Consider the broader message that has been sent" one does not need to obey the law. One just needs to make sure one does not get caught or that someone else is left holding the bag because that will satisfy the demand for justice regardless of their actual guilt or innocence. If this situation actually came to pass, the courts would not be instruments of justice but would, in fact, become mechanisms for the propagation of injustice.  One needs to ask: are we OK with this?

Some people say, well, perhaps. It does not effect me. Indeed, that person who was convicted had to do something to get convicted anyway. They were not just in the wrong place at the wrong time, but people who got themselves in the wrong place and thus must be guilty of something. They may not be guilty of this particular crime but since they are guilty of something, there is little harm in putting them behind bars.

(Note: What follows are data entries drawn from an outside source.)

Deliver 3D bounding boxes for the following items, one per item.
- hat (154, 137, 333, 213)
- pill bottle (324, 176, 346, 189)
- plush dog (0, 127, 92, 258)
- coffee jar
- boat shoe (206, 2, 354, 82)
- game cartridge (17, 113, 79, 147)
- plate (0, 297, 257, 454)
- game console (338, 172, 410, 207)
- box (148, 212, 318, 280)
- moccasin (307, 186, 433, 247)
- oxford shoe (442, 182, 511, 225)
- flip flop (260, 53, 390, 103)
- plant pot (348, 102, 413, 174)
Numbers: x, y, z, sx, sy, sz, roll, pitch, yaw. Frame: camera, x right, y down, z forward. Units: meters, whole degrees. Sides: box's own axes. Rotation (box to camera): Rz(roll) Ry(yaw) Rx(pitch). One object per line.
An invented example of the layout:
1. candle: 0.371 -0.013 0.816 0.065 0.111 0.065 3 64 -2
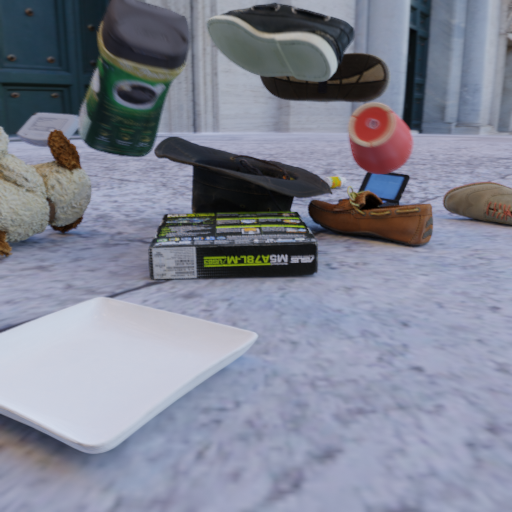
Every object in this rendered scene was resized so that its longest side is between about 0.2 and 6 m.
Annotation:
1. hat: -0.343 -1.222 11.201 3.605 1.454 3.605 14 19 -5
2. pill bottle: 2.365 -2.199 16.772 0.642 0.357 0.357 -8 17 -28
3. plush dog: -3.988 -1.057 10.070 2.148 2.501 2.006 -23 59 -34
4. coffee jar: -1.550 -2.182 7.009 1.043 0.854 2.001 6 -33 -25
5. boat shoe: 0.356 -3.538 8.900 0.944 1.064 2.847 -48 43 -14
6. game cartridge: -3.934 -2.386 10.618 1.141 0.231 0.760 10 53 25
7. plate: -1.439 1.004 5.142 2.193 0.355 2.198 10 18 29
8. game console: 2.916 -1.652 13.973 1.198 0.793 1.362 -12 19 -38
9. box: -0.390 -0.243 9.275 2.524 0.600 2.438 -2 13 -4
10. moccasin: 2.103 -0.852 10.674 0.938 0.990 2.564 -14 21 -42
11. oxford shoe: 5.172 -1.068 11.818 2.360 0.831 0.882 5 20 18
12. flip flop: 1.491 -4.119 12.671 3.238 1.313 0.932 14 18 26
13. plant pot: 2.304 -2.303 10.700 1.239 1.239 1.096 7 -8 24
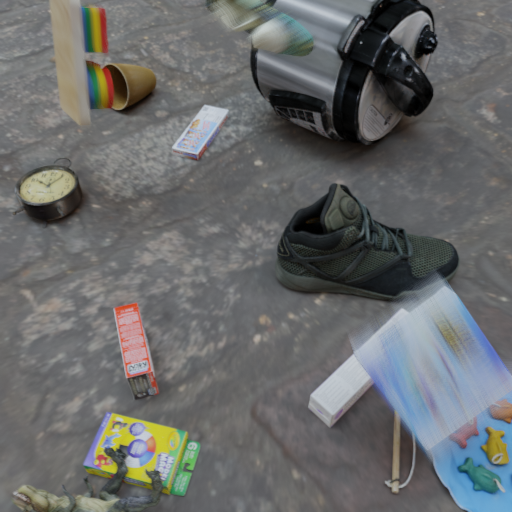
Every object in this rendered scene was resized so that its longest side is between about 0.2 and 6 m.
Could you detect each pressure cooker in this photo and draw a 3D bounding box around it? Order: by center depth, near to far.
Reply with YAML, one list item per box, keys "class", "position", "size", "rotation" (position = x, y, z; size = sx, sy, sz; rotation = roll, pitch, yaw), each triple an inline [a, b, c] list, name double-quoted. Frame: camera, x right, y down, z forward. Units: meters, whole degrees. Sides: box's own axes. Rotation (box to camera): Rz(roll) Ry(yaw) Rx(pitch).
- class: "pressure cooker"
  position: [2.230, -4.496, 12.914]
  size: [3.907, 3.490, 3.436]
  rotation: [33, 53, 26]

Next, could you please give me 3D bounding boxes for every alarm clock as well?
- class: "alarm clock"
  position: [-4.420, -1.491, 12.179]
  size: [1.309, 0.646, 1.941]
  rotation: [2, 51, 3]

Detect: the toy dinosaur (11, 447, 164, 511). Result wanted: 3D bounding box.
- class: "toy dinosaur"
  position: [-1.885, 3.464, 7.746]
  size: [2.861, 0.679, 1.261]
  rotation: [17, 79, 13]

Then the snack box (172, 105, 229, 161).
- class: "snack box"
  position: [-1.347, -3.072, 13.832]
  size: [0.687, 0.232, 1.910]
  rotation: [16, 51, 14]

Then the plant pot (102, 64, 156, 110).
- class: "plant pot"
  position: [-3.241, -4.508, 14.627]
  size: [1.144, 1.144, 1.228]
  rotation: [33, 41, 26]

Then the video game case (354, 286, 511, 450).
- class: "video game case"
  position: [2.316, 1.462, 7.203]
  size: [1.461, 1.612, 0.366]
  rotation: [-37, 15, 3]

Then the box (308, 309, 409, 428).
- class: "box"
  position: [1.873, 1.819, 9.381]
  size: [0.508, 0.475, 2.453]
  rotation: [37, 58, 28]

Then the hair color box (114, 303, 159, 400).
- class: "hair color box"
  position: [-2.013, 1.584, 9.389]
  size: [0.448, 0.778, 1.403]
  rotation: [-13, 51, -11]

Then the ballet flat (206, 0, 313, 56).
- class: "ballet flat"
  position: [-0.005, -3.680, 8.951]
  size: [1.938, 0.719, 0.719]
  rotation: [37, 57, 11]

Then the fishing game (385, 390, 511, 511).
- class: "fishing game"
  position: [3.845, 2.827, 8.487]
  size: [3.531, 0.549, 2.528]
  rotation: [12, 53, 10]

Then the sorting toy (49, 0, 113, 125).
- class: "sorting toy"
  position: [-3.113, -3.534, 10.083]
  size: [0.694, 1.982, 1.994]
  rotation: [-10, 26, -25]

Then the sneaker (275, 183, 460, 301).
- class: "sneaker"
  position: [2.137, -0.237, 10.222]
  size: [3.478, 1.992, 1.329]
  rotation: [4, 51, 1]

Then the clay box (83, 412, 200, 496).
- class: "clay box"
  position: [-1.689, 2.978, 8.438]
  size: [1.529, 0.364, 0.879]
  rotation: [10, 50, 9]

I would argue that this reasoning is at best shaky; at worst playing with fire. What happens if you were the person in the wrong place at the wrong time? What counts as the wrong place? What counts as the wrong time? What happens if you are walking by a bank as it is robbed or visiting a friend when a B + E happens down the street.  A number of years ago the police raided a house on a street one over from me and found an illegal pot grow. I had nothing to do with it but I was in the area. Does that make my guilty of something? Think about this for a second or two, saying things in a certain way can actually make a person sound guilty without a shred of evident: "Yes, indeed, we have no proof that Mary was responsible but she was in the area when the crime occurred." I was in the area when the pot grow was discovered. The year my son was born, the bank up the road from was  robbed so I was in the area. As a teenager, I worked in a fast food place that was robbed. Hmm ... do you see a pattern emerging?  What happens when you string all of those different incidents together. I start to sound pretty guilty, don't I. "Yes, it is true. We have no evident Andrew was responsible but he was in the area when a restaurant in which he worked was robbed, a bank was robbed, and the police discovered an illegal pot grow."

I could likely think of other examples, but you see the point. The logic is akin to guilt by geographic association. It is a way of excusing bad justice and explaining away miscarriages of justice as opposed to actually ensure that justice is done.

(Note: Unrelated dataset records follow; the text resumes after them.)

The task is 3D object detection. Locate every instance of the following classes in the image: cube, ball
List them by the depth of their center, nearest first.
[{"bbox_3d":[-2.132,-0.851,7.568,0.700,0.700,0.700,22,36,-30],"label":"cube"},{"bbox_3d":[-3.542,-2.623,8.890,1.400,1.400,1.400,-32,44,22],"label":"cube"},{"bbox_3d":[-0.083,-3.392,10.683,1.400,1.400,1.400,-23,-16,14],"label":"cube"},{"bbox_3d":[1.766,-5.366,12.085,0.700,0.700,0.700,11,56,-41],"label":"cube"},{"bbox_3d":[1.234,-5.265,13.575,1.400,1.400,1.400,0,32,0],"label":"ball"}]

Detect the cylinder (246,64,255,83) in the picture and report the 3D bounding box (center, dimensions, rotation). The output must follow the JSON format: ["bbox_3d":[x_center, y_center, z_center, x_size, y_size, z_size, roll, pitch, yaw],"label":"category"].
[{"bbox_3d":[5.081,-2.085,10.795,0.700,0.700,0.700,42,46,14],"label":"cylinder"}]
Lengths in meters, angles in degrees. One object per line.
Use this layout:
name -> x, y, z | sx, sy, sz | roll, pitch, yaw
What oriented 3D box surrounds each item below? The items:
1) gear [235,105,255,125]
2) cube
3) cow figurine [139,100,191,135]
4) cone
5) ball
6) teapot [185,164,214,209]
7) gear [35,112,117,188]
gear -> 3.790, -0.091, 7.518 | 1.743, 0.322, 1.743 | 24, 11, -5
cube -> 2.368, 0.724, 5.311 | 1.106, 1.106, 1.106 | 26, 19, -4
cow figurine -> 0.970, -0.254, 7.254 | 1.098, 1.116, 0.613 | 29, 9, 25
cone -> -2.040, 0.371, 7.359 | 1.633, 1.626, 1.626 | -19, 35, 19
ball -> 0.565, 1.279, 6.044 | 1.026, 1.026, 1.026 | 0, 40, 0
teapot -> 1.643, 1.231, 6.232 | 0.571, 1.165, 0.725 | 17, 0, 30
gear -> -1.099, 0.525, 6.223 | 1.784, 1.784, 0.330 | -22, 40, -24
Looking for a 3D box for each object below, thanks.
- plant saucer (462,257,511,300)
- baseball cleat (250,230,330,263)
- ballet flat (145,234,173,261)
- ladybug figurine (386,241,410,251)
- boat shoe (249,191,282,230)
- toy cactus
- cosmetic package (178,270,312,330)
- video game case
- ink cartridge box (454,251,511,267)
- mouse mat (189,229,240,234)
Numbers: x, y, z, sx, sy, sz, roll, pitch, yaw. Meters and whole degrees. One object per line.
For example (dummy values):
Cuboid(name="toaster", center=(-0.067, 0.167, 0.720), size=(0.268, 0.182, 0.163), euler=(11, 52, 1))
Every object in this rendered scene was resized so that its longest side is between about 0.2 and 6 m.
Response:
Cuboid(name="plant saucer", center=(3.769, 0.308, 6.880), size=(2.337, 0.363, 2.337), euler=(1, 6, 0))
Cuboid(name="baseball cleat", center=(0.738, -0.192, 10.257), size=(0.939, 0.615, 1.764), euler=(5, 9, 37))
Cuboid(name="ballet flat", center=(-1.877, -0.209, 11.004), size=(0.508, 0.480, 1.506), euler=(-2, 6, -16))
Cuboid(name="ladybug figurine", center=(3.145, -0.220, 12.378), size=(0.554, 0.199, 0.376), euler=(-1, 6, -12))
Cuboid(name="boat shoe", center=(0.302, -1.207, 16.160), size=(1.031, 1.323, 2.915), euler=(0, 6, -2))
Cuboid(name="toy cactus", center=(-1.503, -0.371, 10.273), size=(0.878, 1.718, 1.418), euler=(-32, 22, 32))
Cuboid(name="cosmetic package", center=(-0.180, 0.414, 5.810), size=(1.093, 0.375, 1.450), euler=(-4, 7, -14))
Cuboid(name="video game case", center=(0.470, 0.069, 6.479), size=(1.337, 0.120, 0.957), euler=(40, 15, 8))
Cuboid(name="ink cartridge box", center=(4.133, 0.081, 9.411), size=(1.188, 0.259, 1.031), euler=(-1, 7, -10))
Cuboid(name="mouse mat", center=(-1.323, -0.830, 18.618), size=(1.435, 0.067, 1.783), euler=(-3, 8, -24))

Here is my point: really bad things happen when we call the rule of law into question. I recognize that there are solid grounds for a sophisticated critique of law and I know that the law (a) has been far from perfect in its implementation in the past and (b) remains far from perfect today. But, I would argue (a) there has been progress and (b) if we argue that the problem with the law is politics, I doubt the solution is more politics.  At any rate, what I want to argue is that bad things happen when we start substituting politics for law. In effect, we run the risk of turning the administration of justice into tools of injustice that allow the guilty to go free and threaten law-abiding citizens who can never be certain that they will not end up in jail because "someone has to pay" and they lost out.

What I find odd, I will say, in some of the anti-court perspectives I hear is that they are voiced by conservatives. Conservatives used to pride themselves on being the party of law and argued that others manipulated the legal system for which they stood up.  Standing up for the rule of law, however, is not a political issue. It is in everyone's interest. The fact that conservatives have moved away from this perspective says something but it does not mean that we should abandon the rule of law.